(WHAT YOU HAVE TO DO)
Only the count is needed. Count the lines below with the word "real" in them.

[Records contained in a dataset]
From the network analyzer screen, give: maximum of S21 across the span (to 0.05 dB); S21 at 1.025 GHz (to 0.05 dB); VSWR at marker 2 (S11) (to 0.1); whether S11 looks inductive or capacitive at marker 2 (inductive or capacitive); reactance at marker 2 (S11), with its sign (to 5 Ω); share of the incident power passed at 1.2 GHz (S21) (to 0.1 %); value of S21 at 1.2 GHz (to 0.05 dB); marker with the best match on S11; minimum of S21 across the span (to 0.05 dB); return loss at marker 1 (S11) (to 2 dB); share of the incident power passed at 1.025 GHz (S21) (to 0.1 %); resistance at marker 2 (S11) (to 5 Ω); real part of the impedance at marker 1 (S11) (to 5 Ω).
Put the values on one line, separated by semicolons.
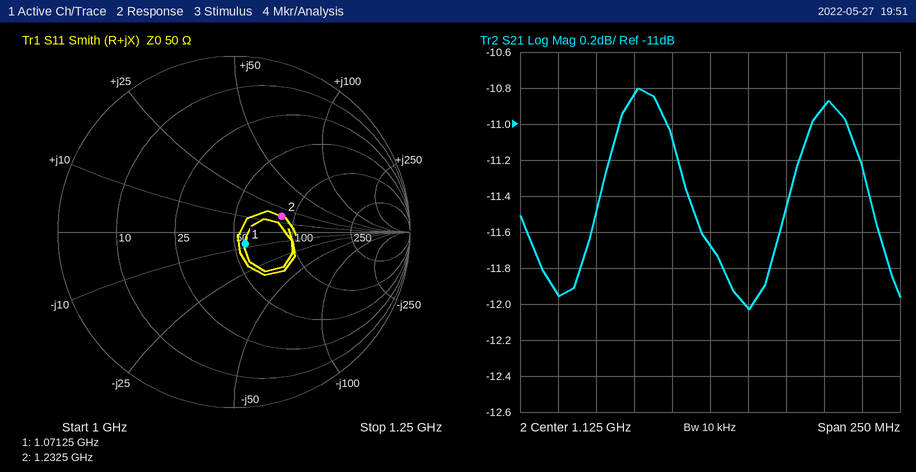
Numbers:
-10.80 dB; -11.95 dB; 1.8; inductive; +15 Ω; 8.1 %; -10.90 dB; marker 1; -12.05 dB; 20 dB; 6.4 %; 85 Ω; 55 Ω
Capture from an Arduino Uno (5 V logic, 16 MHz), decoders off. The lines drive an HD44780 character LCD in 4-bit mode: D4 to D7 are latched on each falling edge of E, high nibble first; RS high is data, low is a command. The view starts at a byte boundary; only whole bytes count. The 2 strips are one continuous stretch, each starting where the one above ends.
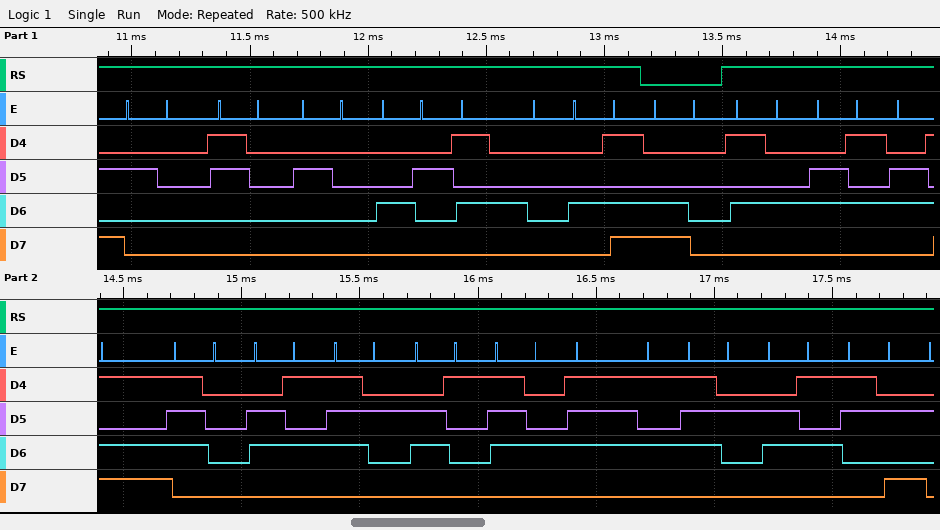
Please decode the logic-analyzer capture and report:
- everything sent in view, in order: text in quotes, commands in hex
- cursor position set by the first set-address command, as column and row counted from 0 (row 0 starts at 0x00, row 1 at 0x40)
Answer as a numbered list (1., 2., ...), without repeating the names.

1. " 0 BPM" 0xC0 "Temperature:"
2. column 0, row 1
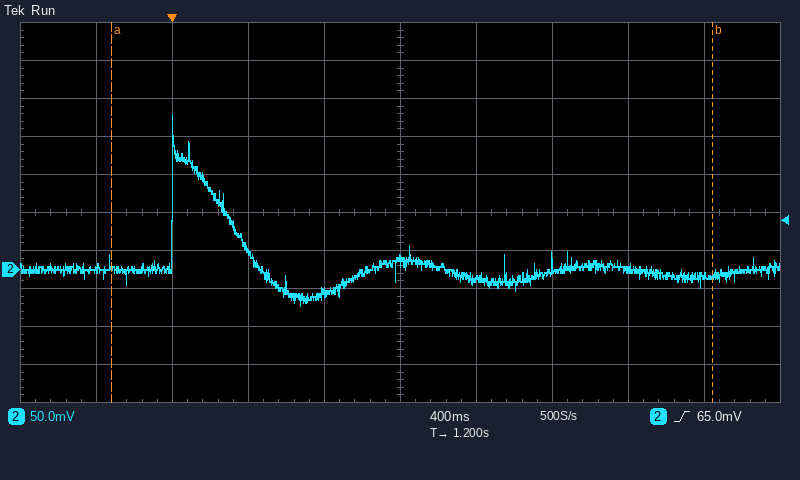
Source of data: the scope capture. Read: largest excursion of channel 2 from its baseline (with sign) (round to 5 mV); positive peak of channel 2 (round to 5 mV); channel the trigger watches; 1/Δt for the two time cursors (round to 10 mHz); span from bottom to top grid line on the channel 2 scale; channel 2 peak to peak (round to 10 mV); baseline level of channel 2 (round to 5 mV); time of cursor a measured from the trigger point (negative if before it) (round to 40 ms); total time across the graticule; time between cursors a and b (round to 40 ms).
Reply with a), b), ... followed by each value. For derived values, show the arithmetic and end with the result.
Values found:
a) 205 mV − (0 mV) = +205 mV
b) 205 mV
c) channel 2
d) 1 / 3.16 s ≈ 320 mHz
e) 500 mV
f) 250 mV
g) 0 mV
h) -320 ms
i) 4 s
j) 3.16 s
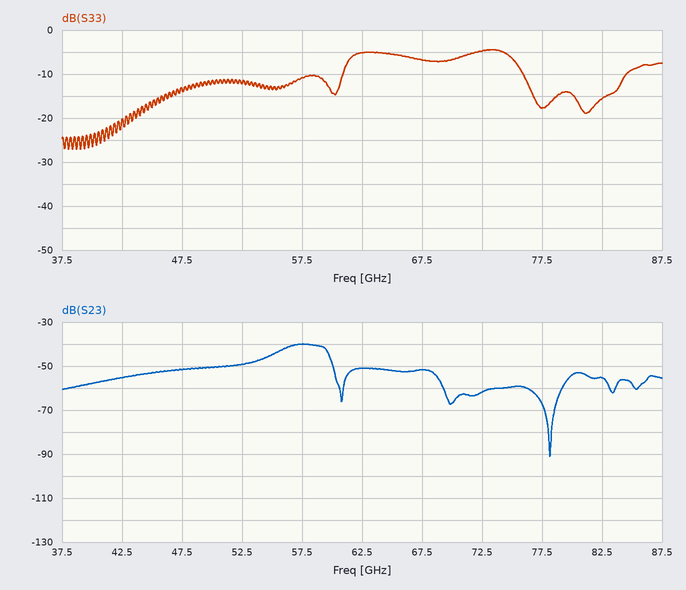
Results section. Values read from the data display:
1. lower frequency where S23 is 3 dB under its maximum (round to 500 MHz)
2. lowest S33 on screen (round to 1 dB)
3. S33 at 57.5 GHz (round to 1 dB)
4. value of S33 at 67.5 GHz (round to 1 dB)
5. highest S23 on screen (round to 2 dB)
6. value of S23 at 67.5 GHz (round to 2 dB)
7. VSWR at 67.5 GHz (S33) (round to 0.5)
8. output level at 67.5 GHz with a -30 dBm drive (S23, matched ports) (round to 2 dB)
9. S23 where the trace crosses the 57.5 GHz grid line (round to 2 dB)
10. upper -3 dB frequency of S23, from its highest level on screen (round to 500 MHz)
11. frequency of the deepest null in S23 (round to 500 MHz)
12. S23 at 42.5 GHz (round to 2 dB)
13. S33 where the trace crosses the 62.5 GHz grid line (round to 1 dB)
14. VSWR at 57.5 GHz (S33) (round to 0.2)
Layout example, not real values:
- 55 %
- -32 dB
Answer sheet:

* * *

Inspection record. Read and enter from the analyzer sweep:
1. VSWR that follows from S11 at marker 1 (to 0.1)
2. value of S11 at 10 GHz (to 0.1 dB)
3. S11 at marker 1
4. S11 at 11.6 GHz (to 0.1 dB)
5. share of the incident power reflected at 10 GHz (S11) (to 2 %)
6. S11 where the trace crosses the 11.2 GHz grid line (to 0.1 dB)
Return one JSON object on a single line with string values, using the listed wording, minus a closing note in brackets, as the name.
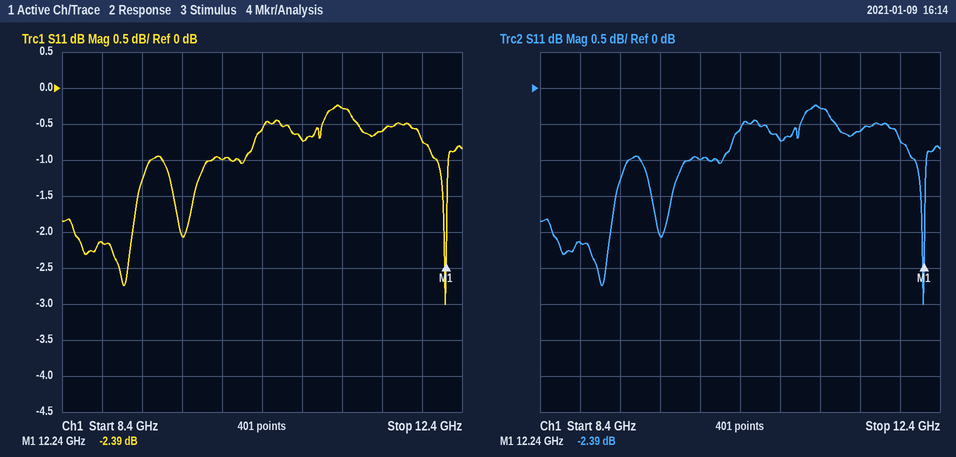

(EXERCISE RESPONSE)
2